Stored items
·····

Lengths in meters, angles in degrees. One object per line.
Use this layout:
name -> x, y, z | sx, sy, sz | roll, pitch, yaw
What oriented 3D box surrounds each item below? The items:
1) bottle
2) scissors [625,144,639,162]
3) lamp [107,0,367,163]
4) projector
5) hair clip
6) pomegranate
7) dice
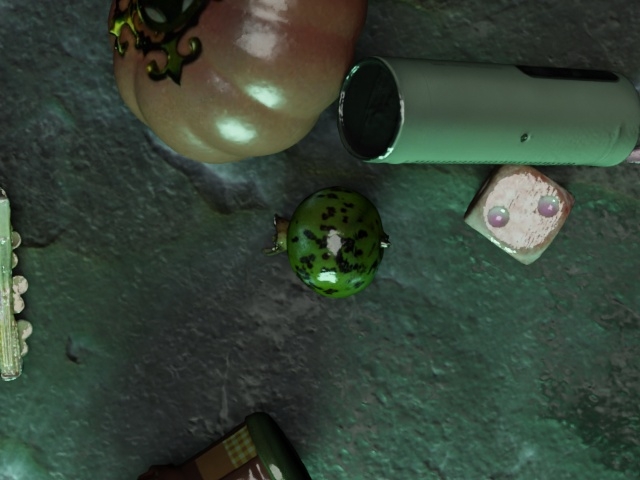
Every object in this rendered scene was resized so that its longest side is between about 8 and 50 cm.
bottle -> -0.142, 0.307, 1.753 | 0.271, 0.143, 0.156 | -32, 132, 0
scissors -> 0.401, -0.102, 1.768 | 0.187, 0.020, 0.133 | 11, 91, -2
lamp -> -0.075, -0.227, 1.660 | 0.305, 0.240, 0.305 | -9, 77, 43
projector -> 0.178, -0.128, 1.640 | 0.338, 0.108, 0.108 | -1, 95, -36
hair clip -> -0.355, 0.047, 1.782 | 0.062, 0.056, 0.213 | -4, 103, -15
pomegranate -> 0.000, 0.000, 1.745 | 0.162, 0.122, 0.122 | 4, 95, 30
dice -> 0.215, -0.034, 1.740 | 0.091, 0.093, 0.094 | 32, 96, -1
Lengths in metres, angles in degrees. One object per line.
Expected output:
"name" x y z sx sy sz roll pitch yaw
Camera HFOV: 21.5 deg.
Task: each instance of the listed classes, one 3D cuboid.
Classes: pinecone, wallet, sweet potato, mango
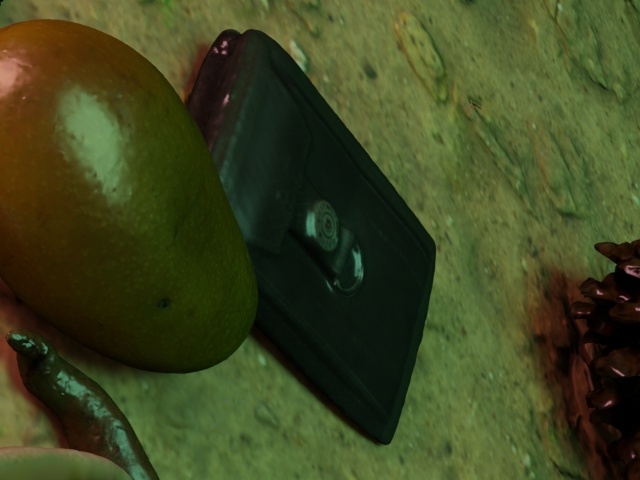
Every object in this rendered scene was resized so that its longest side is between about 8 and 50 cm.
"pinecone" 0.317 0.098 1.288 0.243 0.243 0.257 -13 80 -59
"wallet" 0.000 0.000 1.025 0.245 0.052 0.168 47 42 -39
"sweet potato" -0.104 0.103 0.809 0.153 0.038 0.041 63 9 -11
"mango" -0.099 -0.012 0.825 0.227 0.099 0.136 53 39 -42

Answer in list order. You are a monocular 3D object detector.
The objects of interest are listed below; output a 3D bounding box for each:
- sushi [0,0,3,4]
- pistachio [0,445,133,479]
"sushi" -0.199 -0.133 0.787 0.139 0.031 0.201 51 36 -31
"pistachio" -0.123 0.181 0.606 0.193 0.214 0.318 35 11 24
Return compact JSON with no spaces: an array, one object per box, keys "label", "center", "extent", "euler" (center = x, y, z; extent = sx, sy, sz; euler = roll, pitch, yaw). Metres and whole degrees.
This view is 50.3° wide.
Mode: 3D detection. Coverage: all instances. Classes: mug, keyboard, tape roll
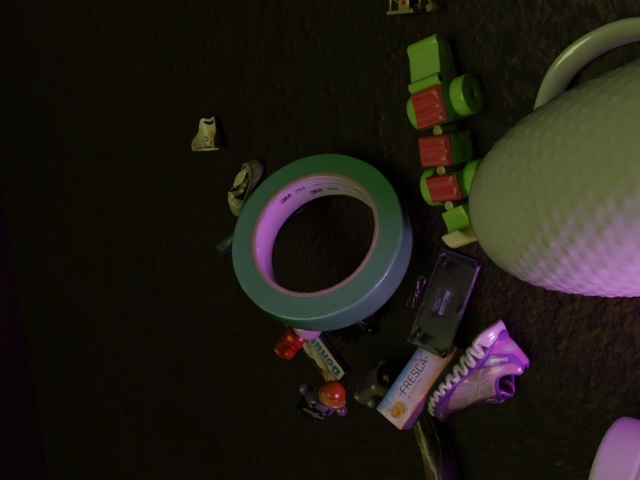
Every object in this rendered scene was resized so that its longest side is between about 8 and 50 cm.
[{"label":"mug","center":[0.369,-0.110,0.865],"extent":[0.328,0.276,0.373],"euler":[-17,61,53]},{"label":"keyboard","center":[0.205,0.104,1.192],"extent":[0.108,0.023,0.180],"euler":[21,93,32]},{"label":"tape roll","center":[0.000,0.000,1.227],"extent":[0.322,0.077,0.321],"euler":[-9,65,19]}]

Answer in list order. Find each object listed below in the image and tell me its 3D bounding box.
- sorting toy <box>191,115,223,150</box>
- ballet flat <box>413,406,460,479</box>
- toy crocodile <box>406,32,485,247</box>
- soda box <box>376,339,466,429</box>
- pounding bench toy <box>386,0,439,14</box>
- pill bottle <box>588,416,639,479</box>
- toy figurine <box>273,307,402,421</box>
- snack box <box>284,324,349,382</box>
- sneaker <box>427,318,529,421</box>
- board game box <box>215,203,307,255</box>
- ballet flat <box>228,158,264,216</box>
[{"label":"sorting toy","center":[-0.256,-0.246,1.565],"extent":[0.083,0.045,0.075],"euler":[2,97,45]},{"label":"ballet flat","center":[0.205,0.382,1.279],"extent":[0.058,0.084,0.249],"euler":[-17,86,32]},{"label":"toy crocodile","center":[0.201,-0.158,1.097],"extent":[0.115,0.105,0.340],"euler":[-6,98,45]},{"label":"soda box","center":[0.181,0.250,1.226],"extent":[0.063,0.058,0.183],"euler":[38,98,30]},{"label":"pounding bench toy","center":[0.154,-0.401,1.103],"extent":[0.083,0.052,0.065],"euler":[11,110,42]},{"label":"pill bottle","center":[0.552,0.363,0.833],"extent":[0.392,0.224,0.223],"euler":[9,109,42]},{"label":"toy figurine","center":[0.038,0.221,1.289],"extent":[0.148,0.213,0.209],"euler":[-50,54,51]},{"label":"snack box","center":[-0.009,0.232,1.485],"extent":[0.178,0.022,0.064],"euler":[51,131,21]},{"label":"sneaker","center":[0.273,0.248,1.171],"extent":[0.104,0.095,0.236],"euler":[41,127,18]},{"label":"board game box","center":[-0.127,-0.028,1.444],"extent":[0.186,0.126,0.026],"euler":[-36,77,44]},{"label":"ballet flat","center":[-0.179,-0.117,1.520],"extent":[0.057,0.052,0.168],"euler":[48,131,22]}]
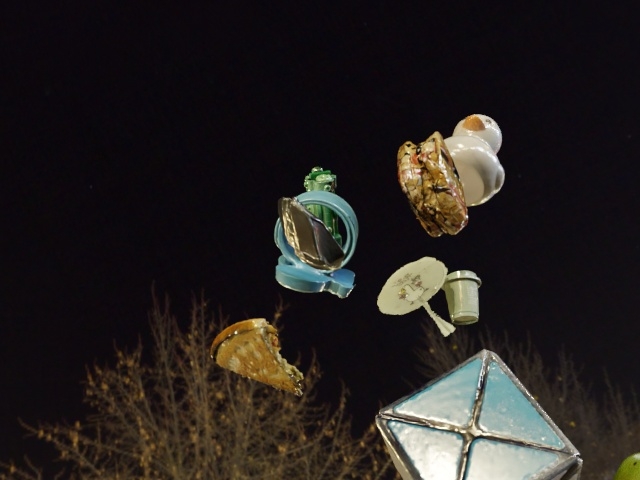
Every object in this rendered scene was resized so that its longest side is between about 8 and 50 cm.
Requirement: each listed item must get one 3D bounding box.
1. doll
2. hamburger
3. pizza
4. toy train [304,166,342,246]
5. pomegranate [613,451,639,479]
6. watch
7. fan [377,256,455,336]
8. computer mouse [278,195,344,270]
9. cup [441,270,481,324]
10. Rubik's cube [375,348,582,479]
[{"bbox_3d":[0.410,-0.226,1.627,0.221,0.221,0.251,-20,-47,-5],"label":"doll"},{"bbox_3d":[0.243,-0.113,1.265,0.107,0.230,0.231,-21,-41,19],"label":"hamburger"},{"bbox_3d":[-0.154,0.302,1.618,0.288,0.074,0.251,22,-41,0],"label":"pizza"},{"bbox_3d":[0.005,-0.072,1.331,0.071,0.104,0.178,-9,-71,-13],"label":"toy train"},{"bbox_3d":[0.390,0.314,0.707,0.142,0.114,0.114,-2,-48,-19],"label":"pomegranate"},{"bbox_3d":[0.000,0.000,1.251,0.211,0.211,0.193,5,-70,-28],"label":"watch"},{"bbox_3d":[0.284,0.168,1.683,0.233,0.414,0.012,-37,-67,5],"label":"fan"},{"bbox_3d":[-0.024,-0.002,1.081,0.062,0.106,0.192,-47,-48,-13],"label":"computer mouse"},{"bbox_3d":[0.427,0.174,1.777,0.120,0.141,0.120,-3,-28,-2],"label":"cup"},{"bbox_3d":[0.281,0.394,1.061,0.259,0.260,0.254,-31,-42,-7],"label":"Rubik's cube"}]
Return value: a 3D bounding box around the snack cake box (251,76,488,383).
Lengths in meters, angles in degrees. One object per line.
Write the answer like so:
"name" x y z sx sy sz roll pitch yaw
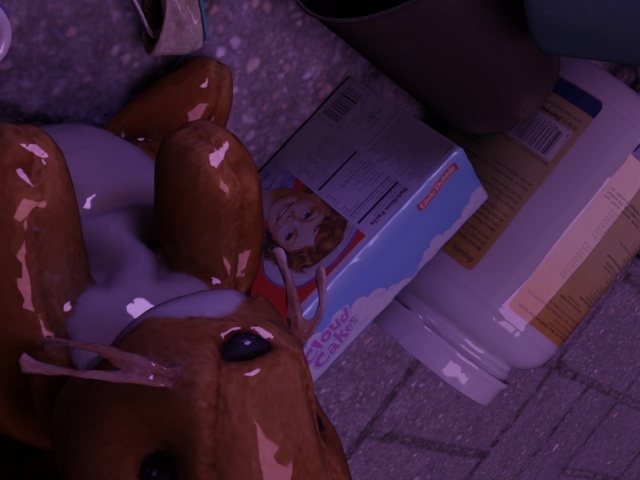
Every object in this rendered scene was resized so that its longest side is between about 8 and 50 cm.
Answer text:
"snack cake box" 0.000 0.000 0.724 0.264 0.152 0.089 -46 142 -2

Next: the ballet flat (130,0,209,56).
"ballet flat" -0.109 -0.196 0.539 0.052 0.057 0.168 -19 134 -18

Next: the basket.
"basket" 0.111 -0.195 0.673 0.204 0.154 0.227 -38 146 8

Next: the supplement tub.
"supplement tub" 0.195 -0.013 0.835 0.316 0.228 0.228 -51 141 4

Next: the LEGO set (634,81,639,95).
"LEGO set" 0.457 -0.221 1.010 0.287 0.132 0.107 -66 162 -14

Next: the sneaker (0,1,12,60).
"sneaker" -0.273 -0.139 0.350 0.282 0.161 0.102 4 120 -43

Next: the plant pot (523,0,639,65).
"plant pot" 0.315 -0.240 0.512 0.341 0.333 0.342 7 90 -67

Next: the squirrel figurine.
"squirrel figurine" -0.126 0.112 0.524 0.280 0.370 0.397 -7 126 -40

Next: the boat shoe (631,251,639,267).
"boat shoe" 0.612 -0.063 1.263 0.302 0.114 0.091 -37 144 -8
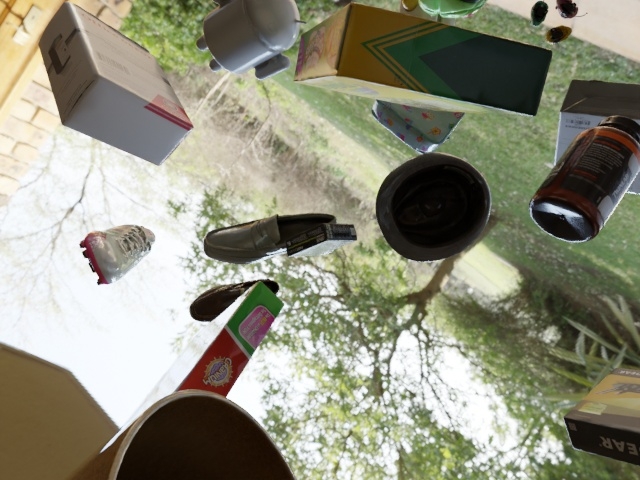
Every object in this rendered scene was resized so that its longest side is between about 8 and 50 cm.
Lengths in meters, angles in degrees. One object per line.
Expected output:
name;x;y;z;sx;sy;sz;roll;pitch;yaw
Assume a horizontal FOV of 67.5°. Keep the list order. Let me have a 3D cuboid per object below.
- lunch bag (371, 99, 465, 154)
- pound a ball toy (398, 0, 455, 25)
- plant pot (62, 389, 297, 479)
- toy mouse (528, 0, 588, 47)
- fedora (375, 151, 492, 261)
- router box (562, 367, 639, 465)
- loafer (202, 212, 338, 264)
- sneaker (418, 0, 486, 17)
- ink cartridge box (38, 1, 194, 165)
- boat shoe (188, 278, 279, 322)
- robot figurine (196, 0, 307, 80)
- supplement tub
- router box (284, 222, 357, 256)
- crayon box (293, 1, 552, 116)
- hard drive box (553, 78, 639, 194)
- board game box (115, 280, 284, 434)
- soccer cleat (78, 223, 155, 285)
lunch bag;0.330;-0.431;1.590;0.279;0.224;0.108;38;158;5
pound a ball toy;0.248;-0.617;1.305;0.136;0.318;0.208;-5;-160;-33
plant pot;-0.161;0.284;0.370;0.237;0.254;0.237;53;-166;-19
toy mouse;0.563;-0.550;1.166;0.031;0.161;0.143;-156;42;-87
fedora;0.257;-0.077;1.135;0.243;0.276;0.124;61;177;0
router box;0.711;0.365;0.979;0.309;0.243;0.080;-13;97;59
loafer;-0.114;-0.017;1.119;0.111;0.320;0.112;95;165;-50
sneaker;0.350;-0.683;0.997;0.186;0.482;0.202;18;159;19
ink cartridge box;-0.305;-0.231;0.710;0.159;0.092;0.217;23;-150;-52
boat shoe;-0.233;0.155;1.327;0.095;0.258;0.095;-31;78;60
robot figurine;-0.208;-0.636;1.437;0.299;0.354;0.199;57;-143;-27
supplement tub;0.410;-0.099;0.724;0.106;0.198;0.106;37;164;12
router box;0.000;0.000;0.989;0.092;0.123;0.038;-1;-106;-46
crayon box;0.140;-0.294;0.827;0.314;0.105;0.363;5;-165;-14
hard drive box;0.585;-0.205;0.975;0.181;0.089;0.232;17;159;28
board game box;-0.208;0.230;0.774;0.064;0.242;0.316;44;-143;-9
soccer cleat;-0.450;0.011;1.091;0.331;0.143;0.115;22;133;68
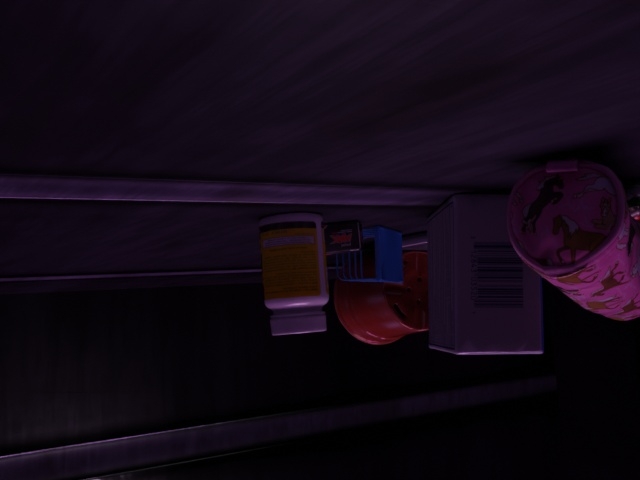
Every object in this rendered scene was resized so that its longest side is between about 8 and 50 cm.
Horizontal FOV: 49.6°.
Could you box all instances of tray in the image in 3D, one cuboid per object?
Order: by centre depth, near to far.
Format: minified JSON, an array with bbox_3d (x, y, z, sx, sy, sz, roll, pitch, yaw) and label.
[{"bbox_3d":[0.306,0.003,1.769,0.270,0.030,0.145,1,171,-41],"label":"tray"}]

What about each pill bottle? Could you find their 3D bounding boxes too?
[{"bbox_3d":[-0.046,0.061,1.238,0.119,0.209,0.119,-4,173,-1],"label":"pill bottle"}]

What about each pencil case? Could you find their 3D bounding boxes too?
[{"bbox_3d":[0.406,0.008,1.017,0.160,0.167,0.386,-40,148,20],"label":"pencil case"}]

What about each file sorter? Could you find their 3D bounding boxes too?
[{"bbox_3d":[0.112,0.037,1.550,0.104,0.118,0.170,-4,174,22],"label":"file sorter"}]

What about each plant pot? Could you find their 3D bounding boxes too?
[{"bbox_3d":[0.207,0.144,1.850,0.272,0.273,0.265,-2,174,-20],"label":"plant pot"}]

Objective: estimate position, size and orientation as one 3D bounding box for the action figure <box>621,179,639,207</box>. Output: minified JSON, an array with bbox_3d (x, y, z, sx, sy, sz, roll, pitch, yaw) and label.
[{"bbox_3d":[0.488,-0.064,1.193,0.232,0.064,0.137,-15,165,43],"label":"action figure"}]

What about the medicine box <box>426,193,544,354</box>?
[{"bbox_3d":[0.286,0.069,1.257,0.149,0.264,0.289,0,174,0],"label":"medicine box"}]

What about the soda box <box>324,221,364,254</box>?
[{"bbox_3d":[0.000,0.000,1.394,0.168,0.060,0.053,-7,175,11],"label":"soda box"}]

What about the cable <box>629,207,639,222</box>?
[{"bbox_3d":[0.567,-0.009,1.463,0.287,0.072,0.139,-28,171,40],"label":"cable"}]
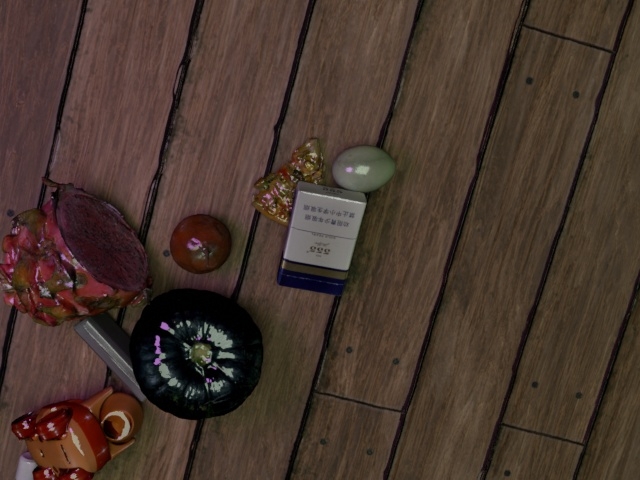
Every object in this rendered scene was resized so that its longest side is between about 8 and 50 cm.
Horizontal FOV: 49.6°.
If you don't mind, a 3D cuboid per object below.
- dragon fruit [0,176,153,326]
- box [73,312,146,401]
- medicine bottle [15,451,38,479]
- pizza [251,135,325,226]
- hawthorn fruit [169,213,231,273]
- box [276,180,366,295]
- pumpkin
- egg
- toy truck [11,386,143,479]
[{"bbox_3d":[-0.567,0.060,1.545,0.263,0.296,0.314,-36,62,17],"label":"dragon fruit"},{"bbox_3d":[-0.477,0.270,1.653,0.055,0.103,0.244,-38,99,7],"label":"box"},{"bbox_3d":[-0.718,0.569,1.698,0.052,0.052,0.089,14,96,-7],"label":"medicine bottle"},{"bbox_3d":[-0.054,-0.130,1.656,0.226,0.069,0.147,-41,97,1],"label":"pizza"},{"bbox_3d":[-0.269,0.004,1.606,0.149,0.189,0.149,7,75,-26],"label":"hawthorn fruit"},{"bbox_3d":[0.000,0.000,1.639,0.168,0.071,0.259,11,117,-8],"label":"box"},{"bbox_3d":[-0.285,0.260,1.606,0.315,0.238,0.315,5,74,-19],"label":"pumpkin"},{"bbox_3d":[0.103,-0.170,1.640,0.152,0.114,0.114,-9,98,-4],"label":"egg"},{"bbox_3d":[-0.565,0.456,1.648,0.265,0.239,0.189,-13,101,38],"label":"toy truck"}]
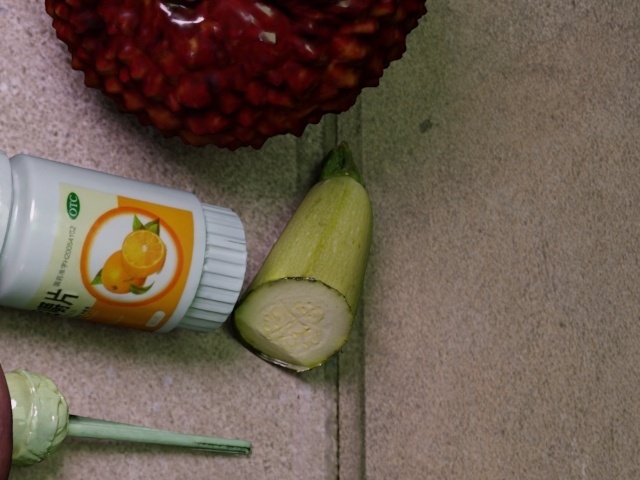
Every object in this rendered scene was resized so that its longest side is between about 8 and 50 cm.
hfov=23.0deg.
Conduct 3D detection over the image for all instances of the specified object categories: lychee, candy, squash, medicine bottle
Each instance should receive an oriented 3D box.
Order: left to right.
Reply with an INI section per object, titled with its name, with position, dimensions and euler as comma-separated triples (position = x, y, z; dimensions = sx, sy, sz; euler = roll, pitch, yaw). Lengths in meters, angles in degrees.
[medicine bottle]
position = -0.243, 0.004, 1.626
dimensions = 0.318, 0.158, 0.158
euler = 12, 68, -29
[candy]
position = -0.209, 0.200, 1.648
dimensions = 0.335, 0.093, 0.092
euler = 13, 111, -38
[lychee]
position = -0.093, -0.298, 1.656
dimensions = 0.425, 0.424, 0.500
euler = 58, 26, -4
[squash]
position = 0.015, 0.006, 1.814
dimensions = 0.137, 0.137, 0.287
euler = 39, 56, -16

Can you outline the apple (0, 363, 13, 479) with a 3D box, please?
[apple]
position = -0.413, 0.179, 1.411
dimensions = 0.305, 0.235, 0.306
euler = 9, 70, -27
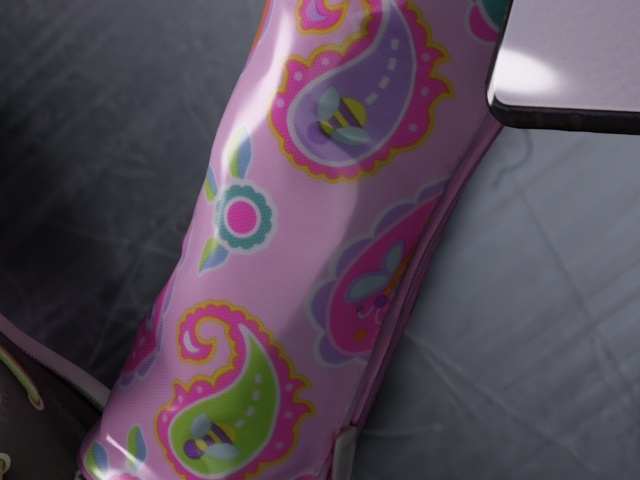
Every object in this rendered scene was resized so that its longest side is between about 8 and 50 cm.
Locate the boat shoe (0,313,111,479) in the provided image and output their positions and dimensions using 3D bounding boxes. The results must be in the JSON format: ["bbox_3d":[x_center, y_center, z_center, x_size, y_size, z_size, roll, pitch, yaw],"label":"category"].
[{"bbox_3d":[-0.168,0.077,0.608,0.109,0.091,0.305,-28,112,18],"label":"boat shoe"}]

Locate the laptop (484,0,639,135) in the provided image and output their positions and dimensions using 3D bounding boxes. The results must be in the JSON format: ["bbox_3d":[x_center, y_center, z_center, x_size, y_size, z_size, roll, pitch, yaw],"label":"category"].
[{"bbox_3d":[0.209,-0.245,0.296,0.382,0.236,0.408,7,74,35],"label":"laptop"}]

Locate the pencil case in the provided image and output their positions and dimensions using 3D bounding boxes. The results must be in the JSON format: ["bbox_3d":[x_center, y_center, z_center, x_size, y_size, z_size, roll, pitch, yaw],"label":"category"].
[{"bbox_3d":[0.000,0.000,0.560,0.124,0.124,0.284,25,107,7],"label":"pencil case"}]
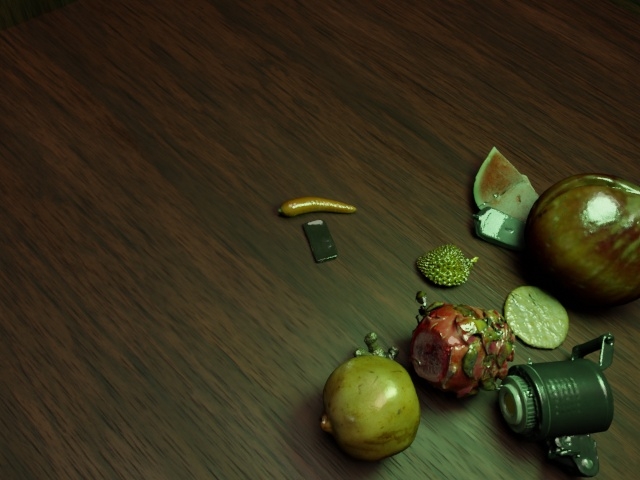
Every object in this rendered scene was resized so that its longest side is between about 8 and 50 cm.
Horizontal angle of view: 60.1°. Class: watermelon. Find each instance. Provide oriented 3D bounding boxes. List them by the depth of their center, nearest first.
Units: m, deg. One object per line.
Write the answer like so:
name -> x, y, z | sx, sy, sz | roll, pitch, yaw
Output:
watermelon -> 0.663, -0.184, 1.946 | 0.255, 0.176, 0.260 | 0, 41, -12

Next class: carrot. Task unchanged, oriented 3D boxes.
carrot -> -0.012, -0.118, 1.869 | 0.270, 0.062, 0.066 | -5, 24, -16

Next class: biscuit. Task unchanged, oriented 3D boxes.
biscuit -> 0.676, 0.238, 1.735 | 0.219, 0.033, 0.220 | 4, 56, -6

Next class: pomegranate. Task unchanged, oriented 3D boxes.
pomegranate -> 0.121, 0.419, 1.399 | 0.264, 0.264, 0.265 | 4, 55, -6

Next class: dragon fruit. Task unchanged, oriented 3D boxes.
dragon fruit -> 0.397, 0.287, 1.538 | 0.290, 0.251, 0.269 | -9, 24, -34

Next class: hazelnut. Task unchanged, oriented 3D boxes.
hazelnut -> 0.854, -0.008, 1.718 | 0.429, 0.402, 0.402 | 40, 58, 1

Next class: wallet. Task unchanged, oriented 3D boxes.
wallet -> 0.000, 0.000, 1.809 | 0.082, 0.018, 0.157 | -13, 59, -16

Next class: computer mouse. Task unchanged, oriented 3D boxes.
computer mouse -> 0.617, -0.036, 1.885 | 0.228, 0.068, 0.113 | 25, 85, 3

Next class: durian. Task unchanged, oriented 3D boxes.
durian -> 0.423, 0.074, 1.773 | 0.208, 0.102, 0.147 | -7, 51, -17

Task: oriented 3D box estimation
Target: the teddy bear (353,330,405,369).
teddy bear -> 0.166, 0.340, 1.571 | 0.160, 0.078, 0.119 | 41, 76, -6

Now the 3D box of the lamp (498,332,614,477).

·····

A single figure, please: the number of lines in the data that hold the string "Return".

2